Reproduce the entries from their first line up to and including the line with "For every layout". Leave out everything after it.
─── Information supplied ───
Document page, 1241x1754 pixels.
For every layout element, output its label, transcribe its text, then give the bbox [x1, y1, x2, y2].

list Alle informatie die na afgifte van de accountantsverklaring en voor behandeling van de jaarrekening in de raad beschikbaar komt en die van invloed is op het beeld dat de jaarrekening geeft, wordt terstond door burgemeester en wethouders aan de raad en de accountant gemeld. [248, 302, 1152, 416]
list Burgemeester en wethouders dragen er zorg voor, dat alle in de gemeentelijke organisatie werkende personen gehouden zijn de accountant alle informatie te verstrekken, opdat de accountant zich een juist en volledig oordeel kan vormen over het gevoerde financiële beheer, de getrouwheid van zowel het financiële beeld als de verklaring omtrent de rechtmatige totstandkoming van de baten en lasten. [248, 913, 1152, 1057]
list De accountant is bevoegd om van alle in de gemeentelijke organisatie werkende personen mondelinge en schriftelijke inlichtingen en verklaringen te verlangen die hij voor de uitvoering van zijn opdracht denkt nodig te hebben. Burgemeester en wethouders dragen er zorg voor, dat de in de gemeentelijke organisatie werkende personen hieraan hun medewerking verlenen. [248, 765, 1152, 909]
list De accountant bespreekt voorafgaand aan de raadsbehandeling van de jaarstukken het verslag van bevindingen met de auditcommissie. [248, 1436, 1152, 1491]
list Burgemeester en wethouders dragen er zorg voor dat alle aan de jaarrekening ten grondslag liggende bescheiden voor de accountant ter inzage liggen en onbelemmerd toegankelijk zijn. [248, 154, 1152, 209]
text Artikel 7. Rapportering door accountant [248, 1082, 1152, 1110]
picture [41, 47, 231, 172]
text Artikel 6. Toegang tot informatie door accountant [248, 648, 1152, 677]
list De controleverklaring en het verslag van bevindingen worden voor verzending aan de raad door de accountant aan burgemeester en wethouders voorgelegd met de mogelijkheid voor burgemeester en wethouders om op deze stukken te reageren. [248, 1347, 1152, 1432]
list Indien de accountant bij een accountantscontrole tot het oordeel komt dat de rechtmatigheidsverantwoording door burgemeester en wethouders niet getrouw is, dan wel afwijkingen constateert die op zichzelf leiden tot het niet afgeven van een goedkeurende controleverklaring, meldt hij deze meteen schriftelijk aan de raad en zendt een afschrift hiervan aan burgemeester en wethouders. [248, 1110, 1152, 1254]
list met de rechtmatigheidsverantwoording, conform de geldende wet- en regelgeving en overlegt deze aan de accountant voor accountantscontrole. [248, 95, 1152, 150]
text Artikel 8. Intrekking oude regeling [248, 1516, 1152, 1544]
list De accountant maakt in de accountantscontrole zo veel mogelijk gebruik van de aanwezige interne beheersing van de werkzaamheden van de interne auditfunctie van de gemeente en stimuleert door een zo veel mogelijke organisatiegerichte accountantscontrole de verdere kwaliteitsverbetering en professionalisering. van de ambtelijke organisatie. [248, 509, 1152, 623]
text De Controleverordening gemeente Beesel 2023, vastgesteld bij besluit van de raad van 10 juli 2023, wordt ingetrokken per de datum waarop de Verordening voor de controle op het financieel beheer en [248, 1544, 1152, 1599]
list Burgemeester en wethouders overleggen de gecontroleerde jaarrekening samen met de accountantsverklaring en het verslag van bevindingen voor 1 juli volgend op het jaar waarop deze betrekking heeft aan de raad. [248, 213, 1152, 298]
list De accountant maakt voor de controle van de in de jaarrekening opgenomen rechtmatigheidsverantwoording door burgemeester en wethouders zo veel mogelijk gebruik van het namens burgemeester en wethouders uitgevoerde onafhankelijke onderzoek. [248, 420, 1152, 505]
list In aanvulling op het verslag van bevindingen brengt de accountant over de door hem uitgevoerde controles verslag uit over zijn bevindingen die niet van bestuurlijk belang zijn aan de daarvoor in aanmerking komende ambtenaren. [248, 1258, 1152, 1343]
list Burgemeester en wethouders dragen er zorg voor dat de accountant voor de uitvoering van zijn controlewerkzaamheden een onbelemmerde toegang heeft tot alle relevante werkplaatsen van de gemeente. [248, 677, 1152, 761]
───
Expected answer:
Document page, 1241x1754 pixels.
For every layout element, output its label, transcribe its text, then give the bbox [x1, y1, x2, y2].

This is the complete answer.